By Heloa | 27 December 2025

Preemie: care, nicu, feeding, and development

5 minutes
Parents observing an incubator in a neonatal unit for a premature baby

A preemie can arrive earlier than expected, and suddenly parenting is full of monitors, medical terms, and waiting. Will breathing settle? Why does feeding take so long? When can you finally take your baby home? These worries are normal, especially when your newborn looks so small and yet is doing such a big job: growing outside the womb.

What “preemie” means

A preemie is a baby born before 37 completed weeks of pregnancy. Doctors calculate gestational age from the first day of the last menstrual period and confirm it with ultrasound.

Being born early can affect how ready a baby is to breathe, feed, keep warm, and fight infection.
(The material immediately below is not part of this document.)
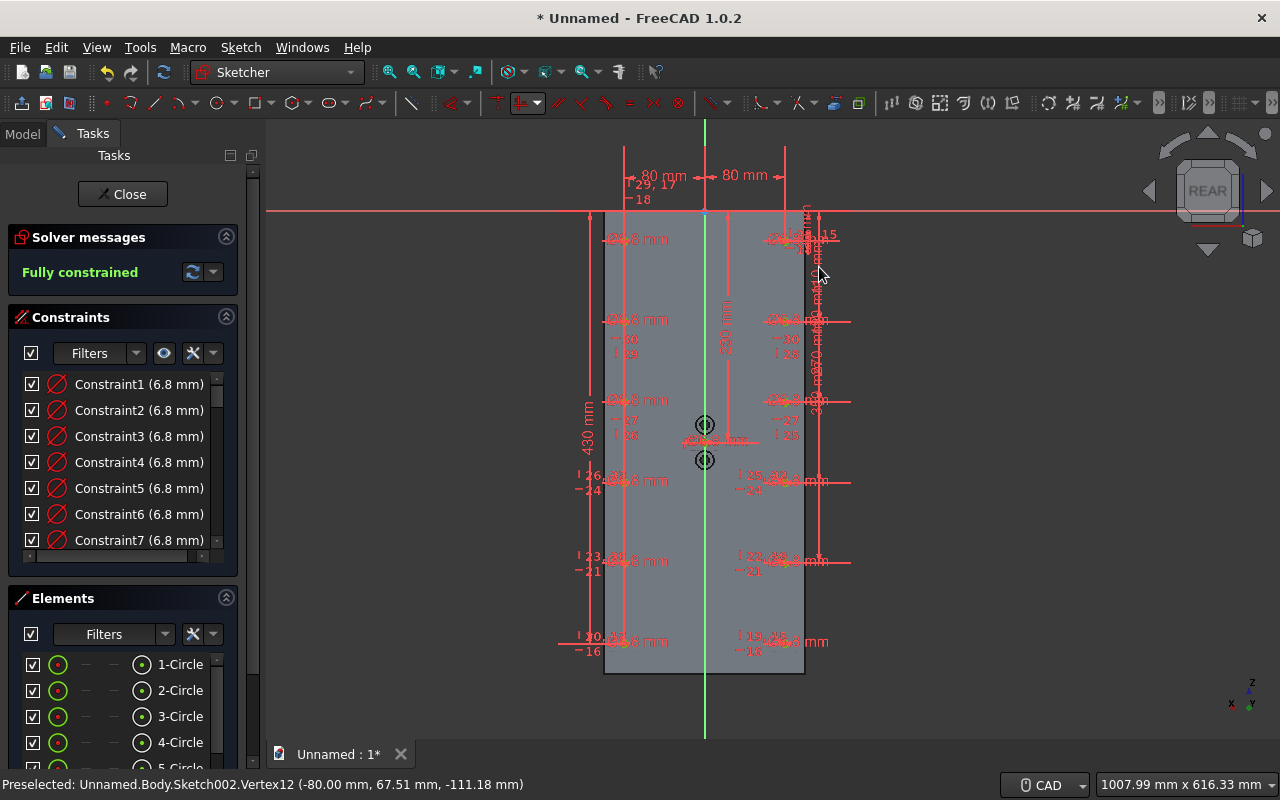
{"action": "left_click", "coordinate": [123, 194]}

Even one extra week in the uterus may improve lung maturity and feeding stamina.

You may also hear:

  • Preterm: the medical term for a baby born early
  • Postmenstrual age (PMA): gestational age at birth + weeks since birth
  • Term-equivalent age: around 40 weeks PMA

Preterm, low birth weight, SGA: different labels

  • Preterm: <37 weeks
  • Low birth weight (LBW): <2,500 g
  • Very low birth weight (VLBW): <1,500 g
  • Extremely low birth weight (ELBW): <1,000 g
  • Small for gestational age (SGA): <10th percentile for that gestational age

A baby can be a preemie and not SGA (small mainly because of early birth). A baby can be term and still SGA (growth restriction in pregnancy).
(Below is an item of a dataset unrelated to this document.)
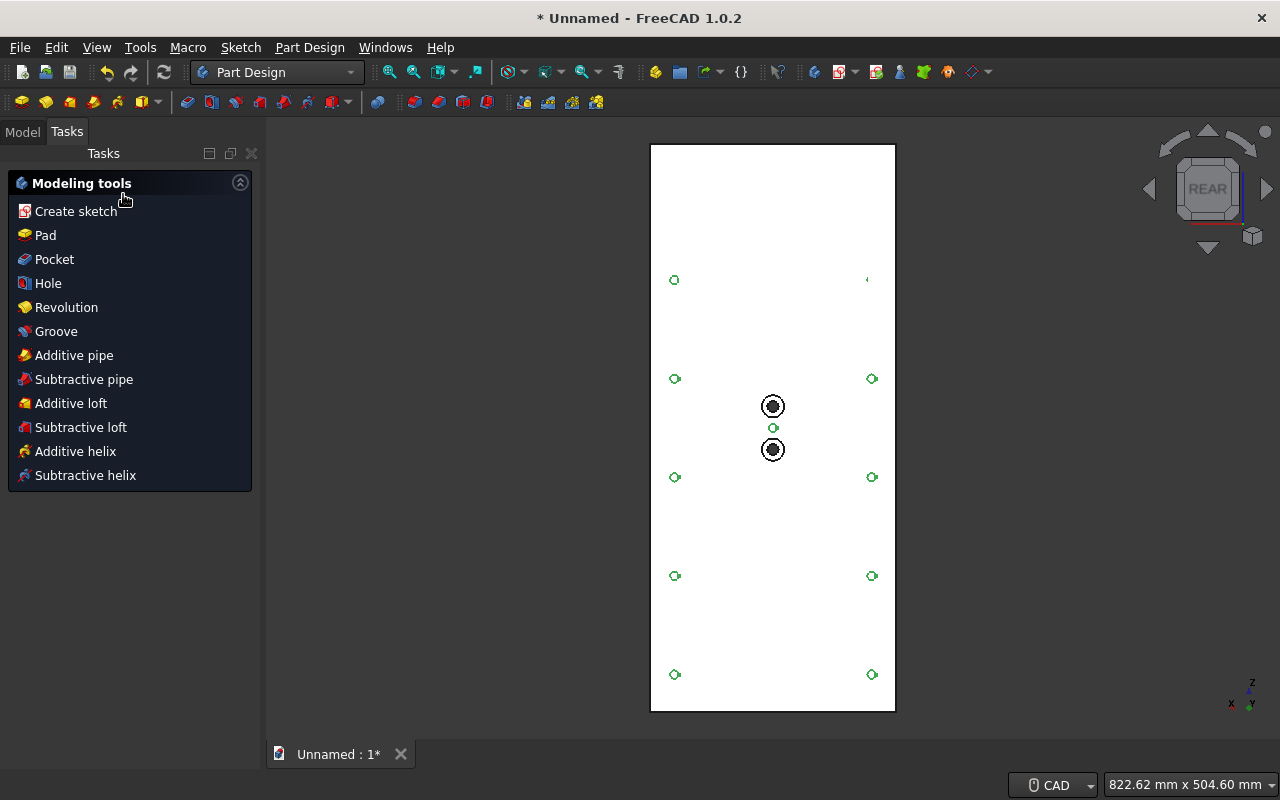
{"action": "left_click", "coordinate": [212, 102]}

Gestational age groups: what they can suggest

Clinicians group prematurity to plan monitoring and the right level of newborn care:

  • Moderate preterm: 32–36 weeks
  • Very preterm: 28–31 weeks
  • Extremely preterm: <28 weeks

These categories help predict common needs, not your child’s future.

Extremely preterm

An extremely preterm preemie often needs CPAP or ventilation, an incubator for temperature control, and gradual nutrition starting with IV nutrition (TPN) and then tube feeds. Monitoring is close for lung disease, infection, gut problems, and brain/eye development.

Very preterm

A preemie born between 28 and 31 weeks may still have apnoea (breathing pauses) and bradycardia (slow heart rate), requiring monitors and sometimes caffeine citrate. Feeding often begins via tube and shifts to breast/bottle as coordination improves.

Moderate to late preterm

Babies after 32 weeks can still have jaundice, low blood sugar (hypoglycaemia), temperature instability, and feeding fatigue. Some need NICU observation mainly for monitoring and feeding support.

Viability thresholds

Around 22–24 weeks, survival can sometimes be possible, but uncertainty is higher. Decisions depend on the full clinical picture and discussion with parents.

Why a baby is born early

Spontaneous preterm labour and PPROM

Labour can start early on its own. PPROM (preterm premature rupture of membranes) means the waters break early. Triggers can include infection/inflammation, a cervix that shortens early, uterine stretching (twins/triplets), or previous preterm birth.

Medically indicated early delivery

Sometimes early delivery is safer than continuing pregnancy:

  • Maternal: severe hypertension, preeclampsia, serious infection
  • Placental: abruption, placenta previa with bleeding, placental insufficiency
  • Fetal: growth restriction with concerning tests, fetal distress

Risk factors seen in practice

Multiples, IVF pregnancies, short cervix/cervical insufficiency, UTIs and genital infections, diabetes, thyroid disease, kidney disease, and placental problems can increase risk. In India, gaps in antenatal care, anaemia, nutrition challenges, and air pollution exposure may also contribute.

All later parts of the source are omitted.